Mr. Chamberlain now discarded the appearance of friendliness, and began to adopt a menacing tone in his communications to the Government of the South African Republic. He proposed that the question as to whether the new Franchise Law was satisfactory or not should be discussed by a Joint Commission.

In the meanwhile, owing to informal conversations between the State Attorney and the British Government, there seemed to be a reasonable prospect of a speedy and satisfactory settlement.[51] The British Government, on being sounded by its agent, announced that if a five years' franchise, unhampered by complicated conditions, and with a quarter representation for the gold fields, were conceded, it would be prepared to consider the conditions, upon which the proposal depended, on their merits, and would not consider such a proposal as a refusal to accept the Joint Enquiry. The conditions were that (_a_) no further interference should take place; (_b_), that the claim of suzerainty should drop; and (_c_) that further disputes should be settled by Arbitration. As soon, however, as the proposal was formally made the British Government refused to accept the condition with regard to the dropping of the suzerainty claim, notwithstanding the fact that the High Commissioner had declared in an official dispatch that the suzerainty controversy appeared to him to be etymological and not political.[52] Shortly afterwards the British Government made what was practically the same proposal, but _without_ the condition as to the dropping of the suzerainty claim.
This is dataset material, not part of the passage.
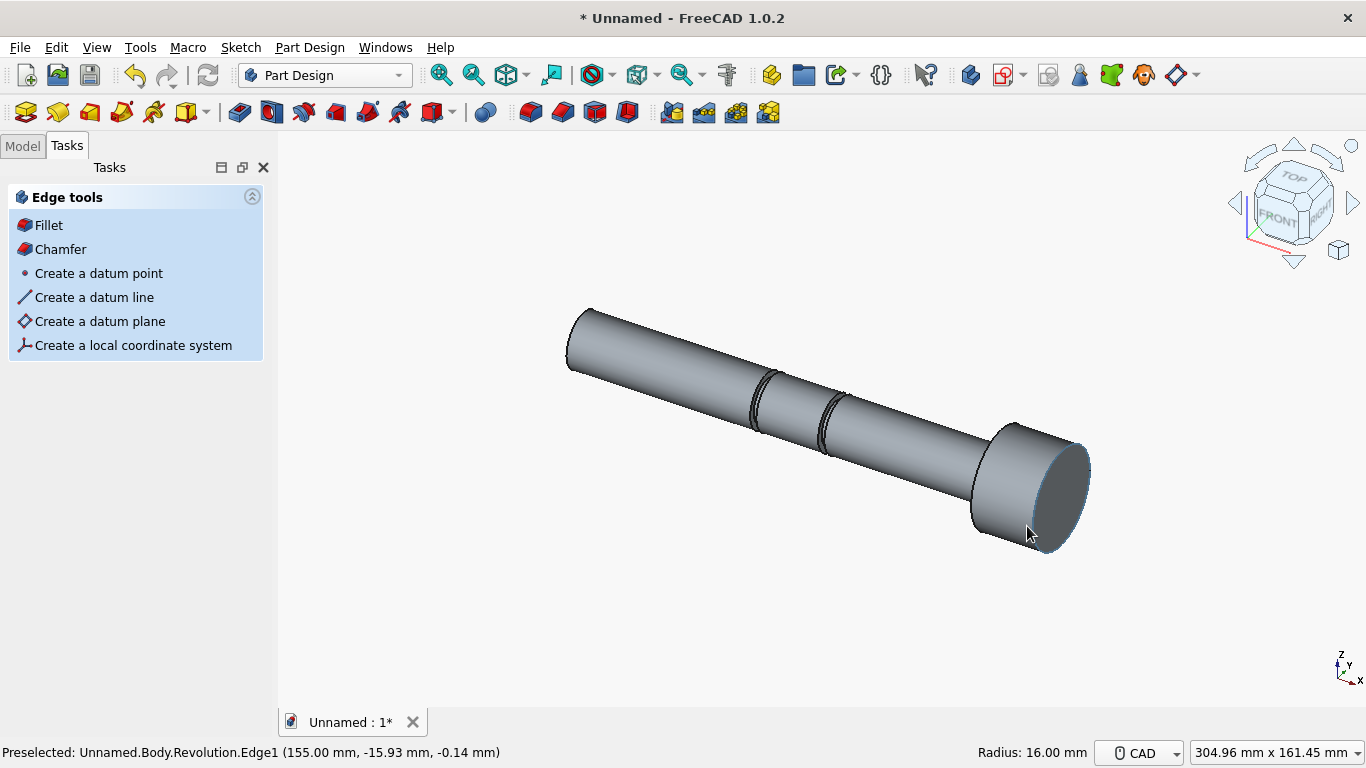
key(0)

[Sidenote: Bad faith of the British Government.]

As the Government of the South African Republic attached a vital importance to this condition, in view maintaining its international status, it refused to accept the proposal in this form; it, however, now reverted to the invitation for a joint enquiry, which it agreed to accept, but the British Government replied that it was too late, and that as a matter of fact it no longer adhered to the invitation.
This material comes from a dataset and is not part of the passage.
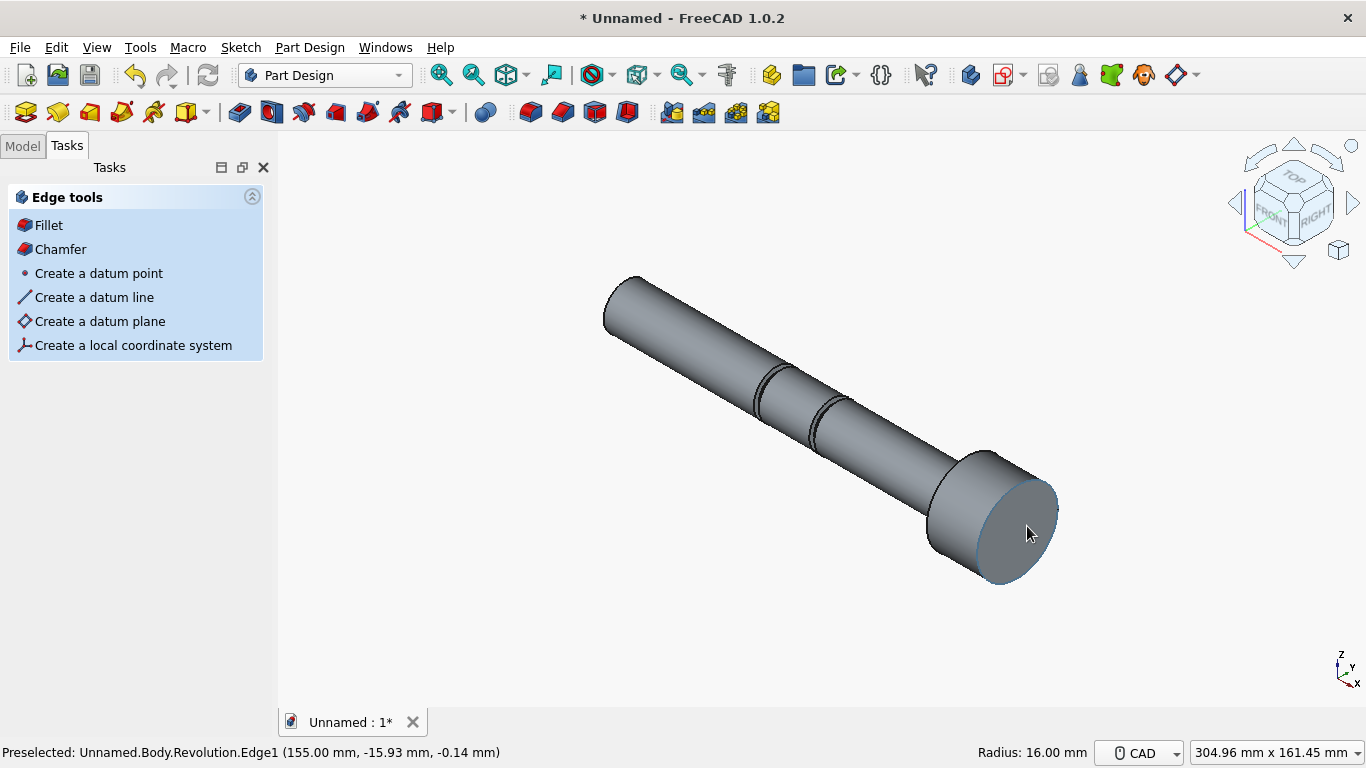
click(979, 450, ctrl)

Here we see in the clearest light--

(1). That, although the High Commissioner had stated that the suzerainty was only a question of etymological importance, that although the British Government had never been able to refute the arguments advanced by the South African Republic as to the abolition of the suzerainty in 1884, the British Government was nevertheless determined not to abandon its pretension, and is now prepared to make war in South Africa over this point.
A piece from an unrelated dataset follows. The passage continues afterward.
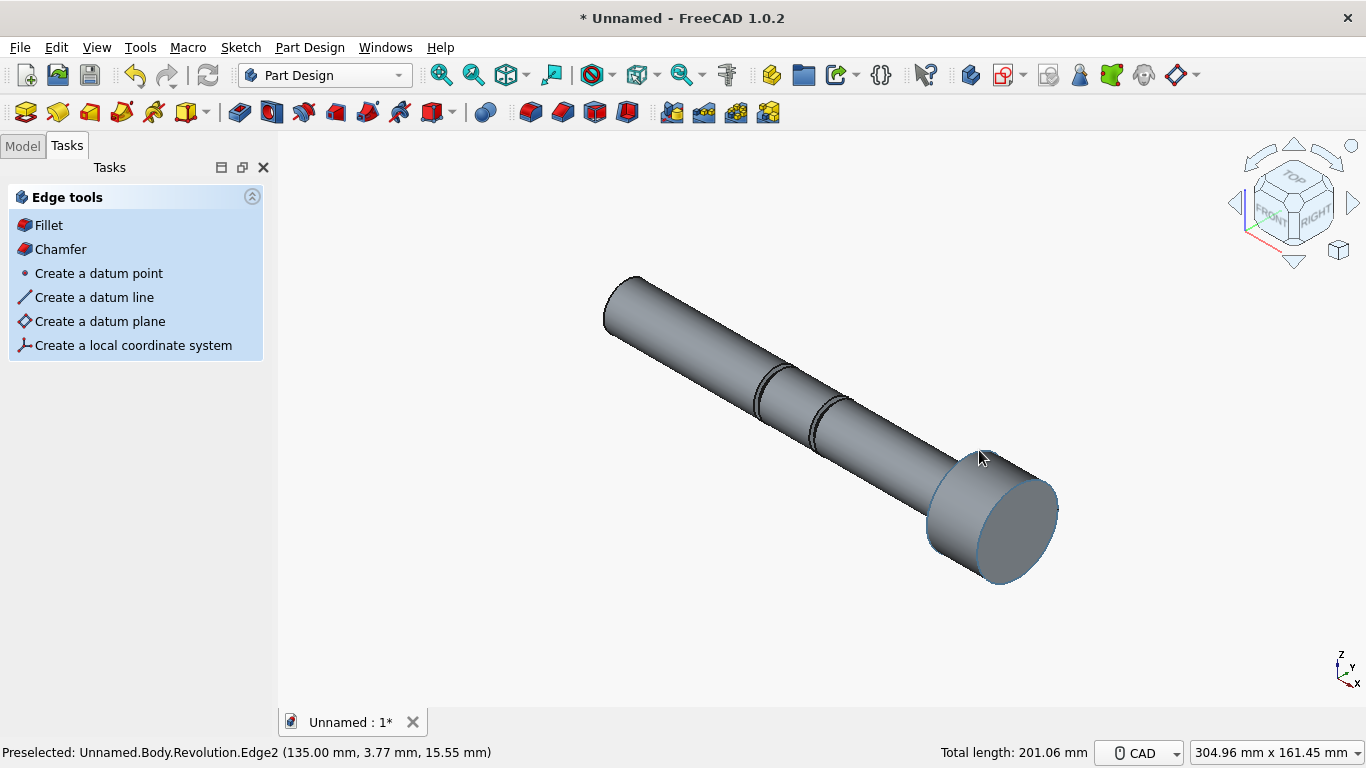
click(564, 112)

(2). That the British Government invites the South African Republic to a joint enquiry, and, when this invitation, which had never been withdrawn, is accepted, the acceptance is refused with every mark of contempt.

Is there any instance in the history of civilised diplomacy of such trickery and such callous jugglery with the highest interests of South Africa?

Can anyone wonder that South Africa has lost all confidence in British statesmanship?

The British name has been sullied in this part of the world by many perfidious actions, but of a truth I cannot instance any more despicable and repellent incidents than those which have marked the course of events during the last few months.

And the consequence of this trickery will be written with the blood and the tears of thousands of innocent people.

FOOTNOTES:

[Footnote 33: Dispatches of 12th August, 1896; 21st August, 1896; 17th February, 1897. C. 8423 and C. 8721.]